Тетрадь и пропала. Особист называет мне номер, я его помню – хорошая тетрадь, там много понаписано. Перенеси на карту и – привет, полнейшая картина получается: как мы выходим, какими дорогами движемся, где минные поля, где мосты переправ, где наводим понтонные, где разворачиваемся, в чем наша цель и последний рубеж...
– Хорошо искали? – спрашиваю. – Может, мне самому посмотреть?
Глупость говорю, конечно. Тетрадь не иголка, невозможно ее не заметить, и рабочий маршрут у нее один: из сейфа на стол и обратно. Иногда майор Мартов забирает ее и несет в кабинет подполковнику Генералову, но достает тетрадь из сейфа дежурный писарь с допуском, и он же ее возвращает на место. Сам замначальника отдела брать в руки ключ и шарить в сейфе права не имеет. Все-таки в армии, при неизбежном малом бардаке, большой порядок существует, я это признаю.
Особист отпирает нижний ящик стола, достает и швыряет мне пачку немецкого печенья.
– Стакан за шторой на окне. Рубай давай.
Плохой я сыщик: все в кабинете оглядел, а стакана за шторой не приметил. Печенье я запихиваю в рот по две штуки сразу, запиваю холодной водой, в животе бурчит еще сильнее. Печенье хрупкое, пустое, быстро тает во рту – глотать нечего. Про то, что пачка маленькая, уже не говорю, премного благодарен за нее товарищу сыскному лейтенанту, пусть даже он и толкает меня под расстрел.
Лейтенант расспрашивает про майора Мартова. Ничего особенного про него я сказать не могу. Майор как майор, с писарями спокоен и вежлив, лишнего не требует, авралов не любит и сам не устраивает, в деле разбирается. Способен крепко выпить, но пьяный языком не мелет, и вообще, судя по всему, мужик он не карьерный, выше подполковника не прыгнет, как и девять армейских майоров из десяти. А подполковника ему и так дадут, когда на пенсию зарядят. Другое дело Генералов: одних с майором лет, но две большие звезды уже имеет.
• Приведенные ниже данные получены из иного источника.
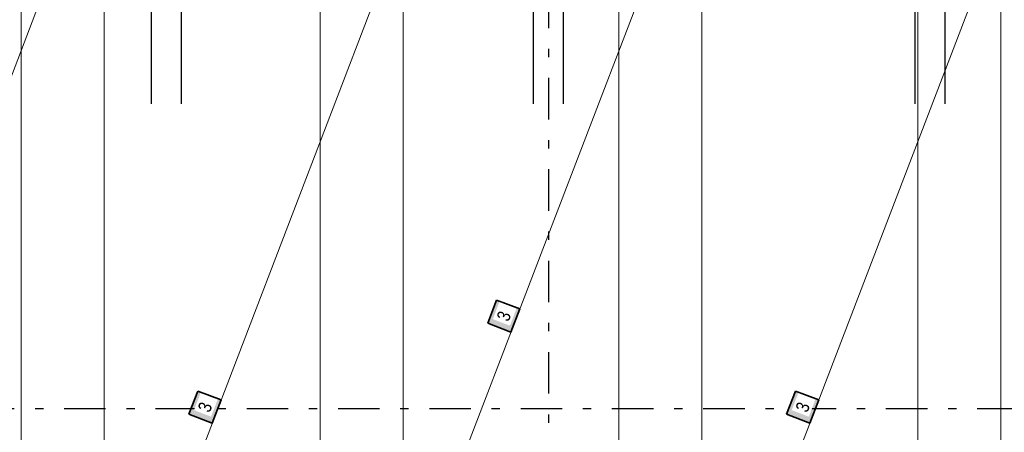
# Model space of a CAD drawing. Header units: millimetres. Extents: x -4 to 113, y -17 to 52.
# Tile 39 of 91: x 29.44 to 41.3, y 26.49 to 31.45. Entities that reach past the tile are written whole.
import ezdxf

# ---------------------------------------------------------------- set-up
doc = ezdxf.new("R2010")
doc.units = ezdxf.units.MM
doc.linetypes.add('DASHDOTX2', pattern=[2, 1, -0.5, 0, -0.5])
for name, color, linetype, lineweight in [('Achsen', 7, 'Continuous', 20), ('Mattenbewehrung', 7, 'Continuous', 20), ('Stabstahl', 7, 'Continuous', 20)]:
    doc.layers.add(name, color=color, linetype=linetype, lineweight=lineweight)
doc.styles.add('Arial Narrow', font='ARIALN.TTF')

msp = doc.modelspace()

# ---------------------------------------------------------------- hatches: boundary and pattern name
at = {"layer": 'Mattenbewehrung', "lineweight": 35, "true_color": 0xffffff}
for points in [[(35.183791, 28.077731), (35.07641, 27.797607), (35.356534, 27.690226), (35.463915, 27.97035)], [(31.583788, 26.982151), (31.476407, 26.702027), (31.756531, 26.594646), (31.863912, 26.87477)], [(38.78379, 26.982181), (38.676409, 26.702057), (38.956533, 26.594676), (39.063914, 26.8748)]]:
    msp.add_hatch(color=7, dxfattribs=at).paths.add_polyline_path(points)

# ---------------------------------------------------------------- linework, layer by layer
at = {"layer": 'Achsen', "color": 3, "linetype": 'DASHDOTX2', "lineweight": 25, "ltscale": 0.5}
for p, q in [((35.807324, 39.55094), (35.807324, -6.857)), ((3.573324, 26.770196), (49.410516, 26.770196))]:
    msp.add_line(p, q, dxfattribs=at)
at = {"layer": 'Mattenbewehrung', "color": 7, "linetype": 'Continuous', "lineweight": 18, "ltscale": 0.5}
for p, q in [((25.856534, 21.690204), (30.456531, 33.690194)), ((30.456531, 21.690204), (30.456531, 33.690194)), ((33.056535, 33.690224), (33.056535, 21.690228)), ((33.056535, 21.690228), (37.656532, 33.690196)), ((37.656532, 21.690228), (37.656532, 33.690196)), ((40.256534, 33.690221), (40.256534, 21.690225)), ((29.456532, 32.594644), (29.456532, 20.594677)), ((34.05653, 32.594644), (29.456532, 20.594677)), ((34.05653, 20.594648), (34.05653, 32.594644)), ((36.656535, 32.594671), (36.656535, 20.594681)), ((41.256531, 32.594671), (36.656535, 20.594681)), ((41.256531, 20.594681), (41.256531, 32.594671))]:
    msp.add_line(p, q, dxfattribs=at)
at = {"layer": 'Mattenbewehrung', "color": 2, "linetype": 'Continuous', "lineweight": 35, "ltscale": 0.5}
for p, q in [((35.183791, 28.077731), (35.07641, 27.797607)), ((35.463915, 27.97035), (35.183791, 28.077731)), ((35.356534, 27.690226), (35.463915, 27.97035)), ((35.07641, 27.797607), (35.356534, 27.690226)), ((31.583788, 26.982151), (31.476407, 26.702027)), ((31.863912, 26.87477), (31.583788, 26.982151)), ((38.78379, 26.982181), (38.676409, 26.702057)), ((39.063914, 26.8748), (38.78379, 26.982181)), ((31.756531, 26.594646), (31.863912, 26.87477)), ((38.956533, 26.594676), (39.063914, 26.8748)), ((31.476407, 26.702027), (31.756531, 26.594646)), ((38.676409, 26.702057), (38.956533, 26.594676))]:
    msp.add_line(p, q, dxfattribs=at)
at = {"layer": 'Stabstahl', "color": 3, "linetype": 'Continuous', "lineweight": 25, "ltscale": 0.5}
for p, q in [((31.027417, 30.438203), (31.027417, 36.010203)), ((31.387417, 30.438203), (31.387417, 36.010203)), ((35.627372, 30.438203), (35.627372, 36.010203)), ((35.987371, 30.438203), (35.987371, 36.010203)), ((40.227417, 30.438203), (40.227417, 36.010203)), ((40.587417, 30.438203), (40.587417, 36.010203))]:
    msp.add_line(p, q, dxfattribs=at)

# ---------------------------------------------------------------- next in the draw order: texts
at = {"layer": 'Mattenbewehrung', "color": 2, "lineweight": 35, "char_height": 0.1575, "attachment_point": 1, "line_spacing_factor": 0.9, "style": 'Arial Narrow', "bg_fill": 3, "box_fill_scale": 1.2, "bg_fill_color": 256, "bg_fill_true_color": 13158600, "bg_fill_transparency": 0}
for insert, rotation in [((35.178872, 27.865841), 69.026465), ((31.578869, 26.770261), 69.026465), ((38.778871, 26.77029), 69.0265065)]:
    msp.add_mtext('3', dxfattribs=dict(at, insert=insert, rotation=rotation))

doc.saveas('drawing.dxf')

Однако же не зам у Бивня и даже не начальник штаба. Майор Фролов – и тот его, подполковника, выше по должности, что, надо думать, не случайность, здесь таких случайностей не бывает. Пить Генералов не умеет, это факт, наблюдал его под мухой в офицерском клубе, где (слух такой прошел) однажды подполковник спьяну брякнул, что вот-де здорово звучит: генерал Генералов. На мой же слух звучит как в оперетке. Полковник Генералов – вполне по-боевому и с достоинством, но дальше – смех на палочке. Его уже и так меж офицеров с издевкой кличут генералом, а тот, над кем смеются в армии, карьерных шансов не имеет. Ну, разве что поможет лапа сверху, из Союза. Вдруг маршалу какому захочется поставить куклу у ноги для развлечений. Позвонит он маршалу другому и спросит: «Есть у тебя, твою мать, генерал Генералов? Нет? А у меня есть, мать твою!..»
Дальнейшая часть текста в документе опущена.